As if it were a signal, the first gunshot rang out—and soon after, gunfire erupted all around. Mixed in with the shots were screams and cries of alarm. The dozens of thugs who had been charging at the front let out miserable howls as they fell to the ground. The household servants and hooligans who had been eager to prove their loyalty to their masters were instantly terrified, screaming at the top of their lungs in sheer panic.
“People are being killed! The soldiers are killing people!”
The deafening gunfire jolted everyone awake. Whether it was Jia Zizhen and Wang Chenglin, who had moments earlier been delivering impassioned speeches, the scholars below who had been eagerly applauding them, or the merchants who had funded and supported the effort—every face turned deathly pale in that instant. If something like this happened a few more times, they wouldn’t need anyone to teach them; they’d master Sichuan’s famous face-changing art all on their own.

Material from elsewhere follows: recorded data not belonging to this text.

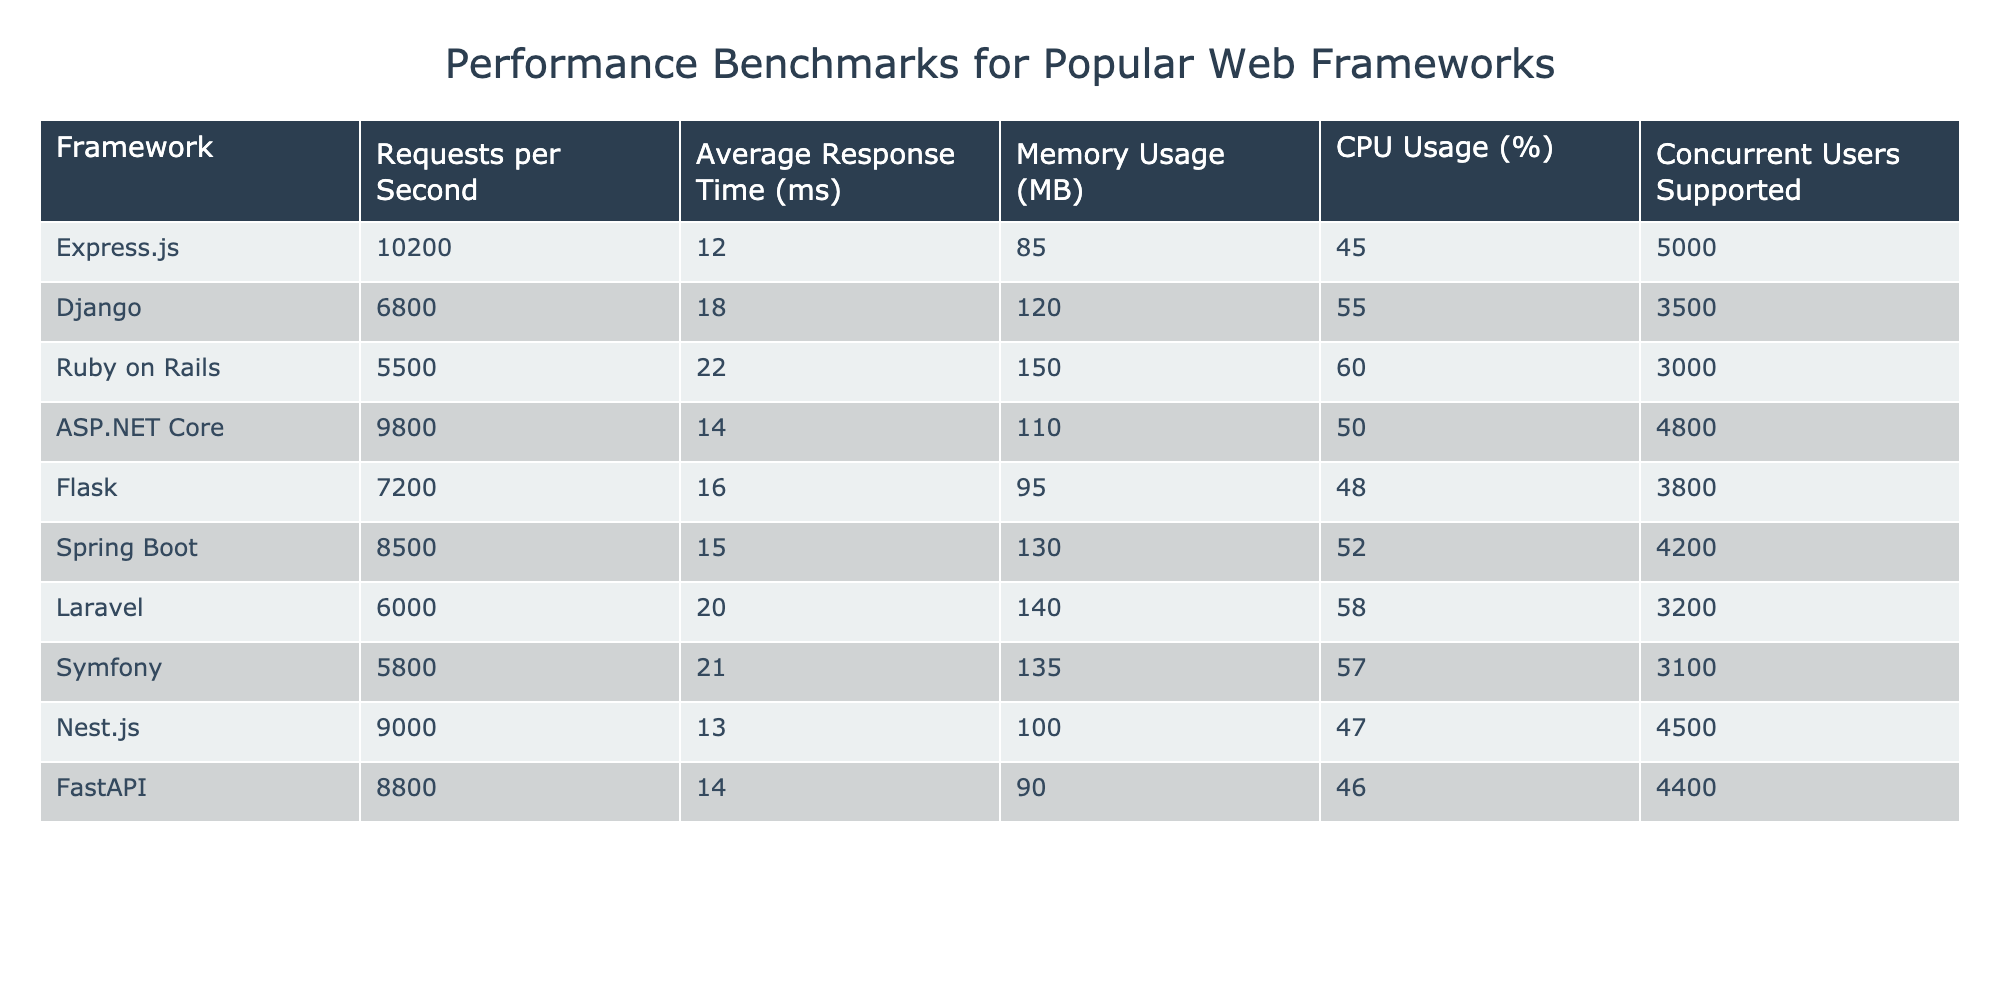What is the highest Requests per Second among the frameworks? By examining the "Requests per Second" column, I see that the maximum value is 10,200, associated with Express.js.
Answer: 10,200 Which web framework has the lowest Average Response Time? Looking at the "Average Response Time (ms)" column, the minimum value is 12 ms, which belongs to Express.js.
Answer: 12 ms How much Memory is used by Ruby on Rails? The "Memory Usage (MB)" column shows that Ruby on Rails uses 150 MB.
Answer: 150 MB What is the CPU Usage percentage of Flask? The "CPU Usage (%)" column indicates that Flask has a CPU Usage of 48%.
Answer: 48% If you combine the Requests per Second of ASP.NET Core and FastAPI, what would be the total? ASP.NET Core has 9,800 Requests per Second and FastAPI has 8,800. Adding them together gives 9,800 + 8,800 = 18,600.
Answer: 18,600 Which framework has better performance: Express.js or Django, based on Requests per Second? By comparing their Requests per Second values, Express.js has 10,200 and Django has 6,800. Since 10,200 is greater than 6,800, Express.js performs better.
Answer: Express.js Is it true that Laravel supports more concurrent users than Flask? In the "Concurrent Users Supported" column, Laravel supports 3,200 users while Flask supports 3,800 users, so it is not true.
Answer: No What is the difference in Memory Usage between Spring Boot and Ruby on Rails? Spring Boot uses 130 MB and Ruby on Rails uses 150 MB. The difference is 150 - 130 = 20 MB.
Answer: 20 MB Among the frameworks, which has the least Concurrent Users Supported? Looking at the "Concurrent Users Supported" column, Symfony has the least number of supported users with 3,100.
Answer: Symfony What average is calculated from the Requests per Second of Django, Ruby on Rails, and Laravel? The Requests per Second values for Django, Ruby on Rails, and Laravel are 6,800, 5,500, and 6,000, respectively. Summing them gives 6,800 + 5,500 + 6,000 = 18,300, and dividing by 3 results in an average of 18,300 / 3 = 6,100.
Answer: 6,100 Which framework has the highest CPU Usage, and what is that percentage? The "CPU Usage (%)" column shows that Ruby on Rails has the highest usage at 60%.
Answer: Ruby on Rails, 60% 
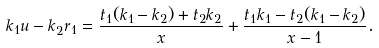Convert formula to latex. <formula><loc_0><loc_0><loc_500><loc_500>k _ { 1 } u - k _ { 2 } r _ { 1 } = \frac { t _ { 1 } ( k _ { 1 } - k _ { 2 } ) + t _ { 2 } k _ { 2 } } { x } + \frac { t _ { 1 } k _ { 1 } - t _ { 2 } ( k _ { 1 } - k _ { 2 } ) } { x - 1 } .</formula>

As the instigator of it all, Fang Yingdi trembled, his cracked lips quivering as he muttered, “Th-this… how is this possible? How dare they really open fire? Isn’t Yue Yang afraid of being impeached by the officials? Isn’t he afraid of punishment from the court?”
Yes—within Fang Yingdi’s way of thinking, Yue Yang was a court official. As long as he hadn’t raised a banner in open rebellion, he couldn’t and wouldn’t dare lay a hand on merchants, gentry, or scholars like them. After all, doing so would mean becoming an enemy of the court, an enemy of the entire realm.
What Fang Yingdi hadn’t realized was that the opponent he was facing was someone who couldn’t be judged by ordinary standards. Inside that body was the soul of a modern man.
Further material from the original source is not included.